Start of The input

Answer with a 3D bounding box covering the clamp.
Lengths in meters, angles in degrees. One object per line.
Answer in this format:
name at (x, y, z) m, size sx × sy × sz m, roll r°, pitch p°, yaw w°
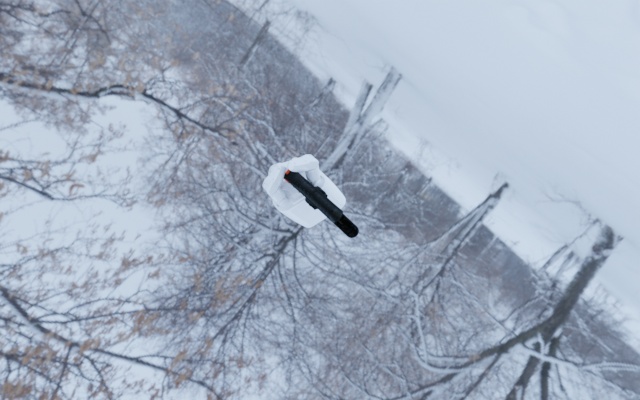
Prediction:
clamp at (0.000, 0.003, 0.847) m, size 0.171 × 0.039 × 0.120 m, roll 45°, pitch -6°, yaw 35°
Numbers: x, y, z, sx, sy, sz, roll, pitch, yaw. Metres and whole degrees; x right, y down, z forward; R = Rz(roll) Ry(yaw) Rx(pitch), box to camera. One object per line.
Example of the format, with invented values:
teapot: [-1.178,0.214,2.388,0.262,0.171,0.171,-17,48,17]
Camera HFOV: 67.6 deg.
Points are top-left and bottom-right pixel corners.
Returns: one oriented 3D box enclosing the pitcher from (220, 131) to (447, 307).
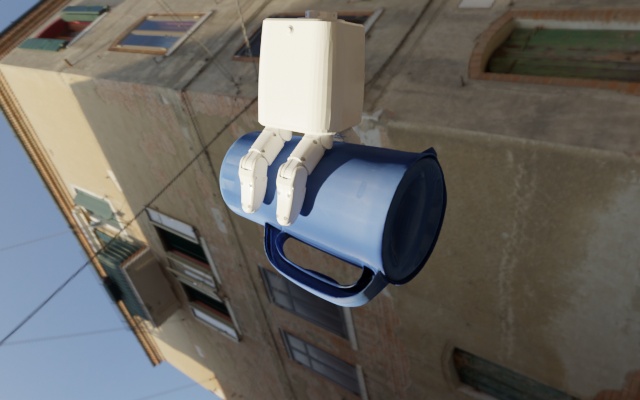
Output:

End of The input

Exercise directions
Write every record out again exactly; no pictures belong in the copy.

Answer for the task
Answer with a 3D bounding box covering the clamp.
Lengths in meters, angles in degrees. One object per line.
Answer in this format:
name at (x, y, z) m, size sx × sy × sz m, roll r°, pitch p°, yaw w°
Prediction:
clamp at (0.000, 0.003, 0.847) m, size 0.171 × 0.039 × 0.120 m, roll 45°, pitch -6°, yaw 35°
Numbers: x, y, z, sx, sy, sz, roll, pitch, yaw. Metres and whole degrees; x right, y down, z forward; R = Rz(roll) Ry(yaw) Rx(pitch), box to camera. One object per line.
Example of the format, with invented values:
teapot: [-1.178,0.214,2.388,0.262,0.171,0.171,-17,48,17]
Camera HFOV: 67.6 deg.
Points are top-left and bottom-right pixel corners.
Returns: one oriented 3D box enclosing the pitcher from (220, 131) to (447, 307).
Output:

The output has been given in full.